The U.S. has not advocated arming the rebels, in part out of fear it would create an even more bloody and prolonged conflict because of Syria's complex web of allegiances in the region that extend to Iran and the Lebanese militant group Hezbollah.
On Wednesday, the Syrian regime showed a new determination to crush its opponents, vowing to "cleanse" the rebel-held district of Baba Amr in Homs from "gunmen," as activists reported troops massing outside.
Syrian activists said government forces have cut off communications to Bab Amr, jamming satellite phone signals as they mass for an apparent ground assault. The neighborhood has been under siege for about four weeks and hundreds have died in shelling.
Authorities had previously blocked land and mobile phone lines, but activists were able to communicate with the outside world with satellite phones.
The activist Revolutionary Council of Homs said it could no longer reach anyone inside Baba Amr. All satellite signals were jammed, it said.
The Syrian conflict began as mostly peaceful protests, which drew an iron-fisted military crackdown. But the revolt has turned increasingly militarized. There are near daily clashes between armed military defectors and government forces and the rebels have managed to capture and hold small pieces of territory, notably in and around Homs and along the northern border with Turkey.
The opposition's main problem over the past year has been its inability to coalesce behind a single leader or ideology beyond toppling the regime. Western powers trying to help the anti-government forces oust Assad have repeatedly stressed the importance of the fragmented opposition pulling together. The SNC announcement seemed to respond to those calls.

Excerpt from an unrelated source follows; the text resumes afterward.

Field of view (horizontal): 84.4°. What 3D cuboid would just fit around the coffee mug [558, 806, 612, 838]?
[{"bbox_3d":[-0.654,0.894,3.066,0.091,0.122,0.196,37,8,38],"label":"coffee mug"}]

"The Military Bureau will track the armed opposition groups, organize and unify their ranks under one central command, defining their defense missions while placing them under the political supervision of the SNC, and coordinating their activities in accordance with the overall strategy of the revolution," the SNC said in a statement.
Members of the U.N. Human Rights Council on Thursday voted 37 in favor and three against a resolution proposed by Turkey that calls on Syria to immediately stop all attacks on civilians and grant unhindered access to aid groups.

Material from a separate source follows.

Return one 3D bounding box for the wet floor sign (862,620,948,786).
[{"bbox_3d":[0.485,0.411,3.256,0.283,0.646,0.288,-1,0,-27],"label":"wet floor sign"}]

Three members of the 47-nation body abstained and four didn't vote.
Russia, China and Cuba objected to the resolution.
The Geneva-based council's vote carries no legal weight but diplomats consider it a strong moral signal that may encourage a similar resolution in the powerful U.N. Security Council.

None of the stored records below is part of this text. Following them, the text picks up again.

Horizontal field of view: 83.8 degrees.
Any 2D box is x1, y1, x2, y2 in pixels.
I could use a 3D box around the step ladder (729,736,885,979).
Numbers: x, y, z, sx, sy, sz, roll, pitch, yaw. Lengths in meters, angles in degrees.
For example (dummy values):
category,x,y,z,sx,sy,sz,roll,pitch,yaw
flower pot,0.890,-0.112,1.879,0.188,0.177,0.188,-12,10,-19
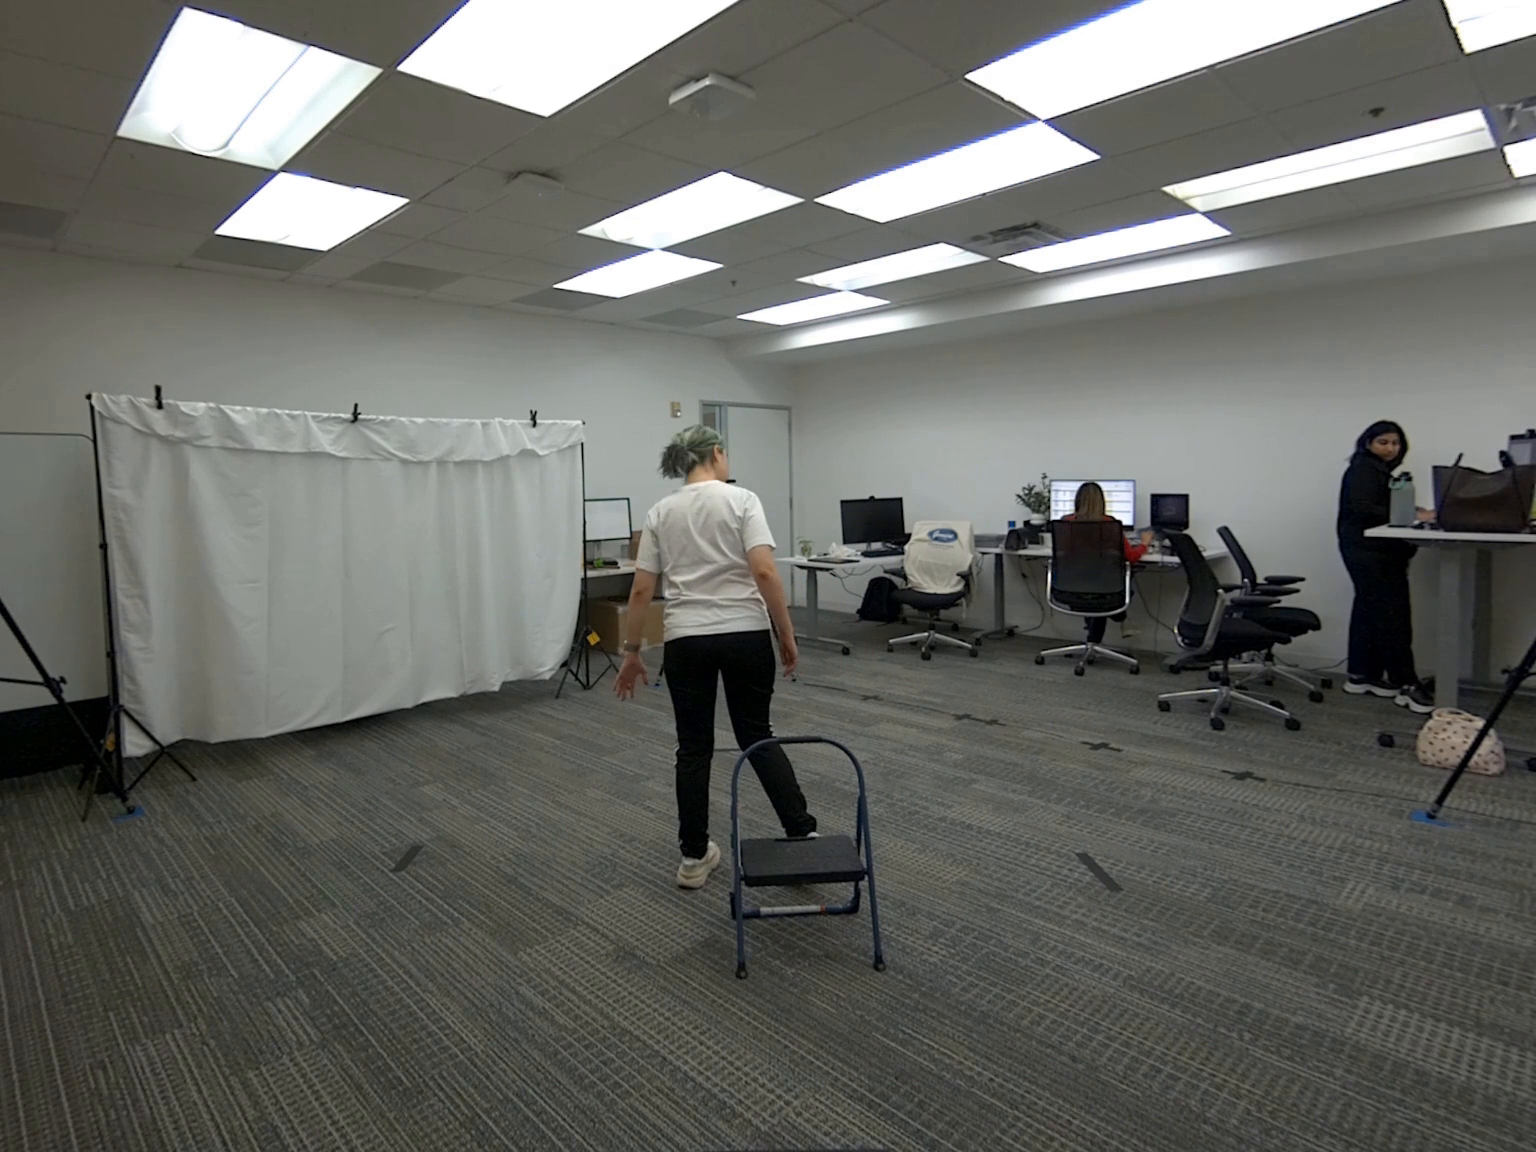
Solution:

The U.N. estimated that more than 7,500 people have been killed since the anti-Assad struggle started in March 2011, when protesters inspired by successful Arab Spring uprisings against dictators in Tunisia and Egypt took to the streets in Syria. As Assad's forces used deadly force to stop the unrest, protests spread and some Syrians took up arms against the regime.
Activists put the total death toll at more than 8,000, most of them civilians.
In Kuwait, the parliament Thursday passed a non-binding resolution calling on the government to help arm the Syrian opposition and to break diplomatic ties with Assad's regime. A day earlier, parliament passed a non-binding resolution urging the government to recognize the SNC as the country's sole representatives.
There was no immediate reaction from the rulers in the oil-rich Gulf state. Some lawmakers also have proposed severing diplomatic ties with Assad's regime, but the issue has not come up for full debate.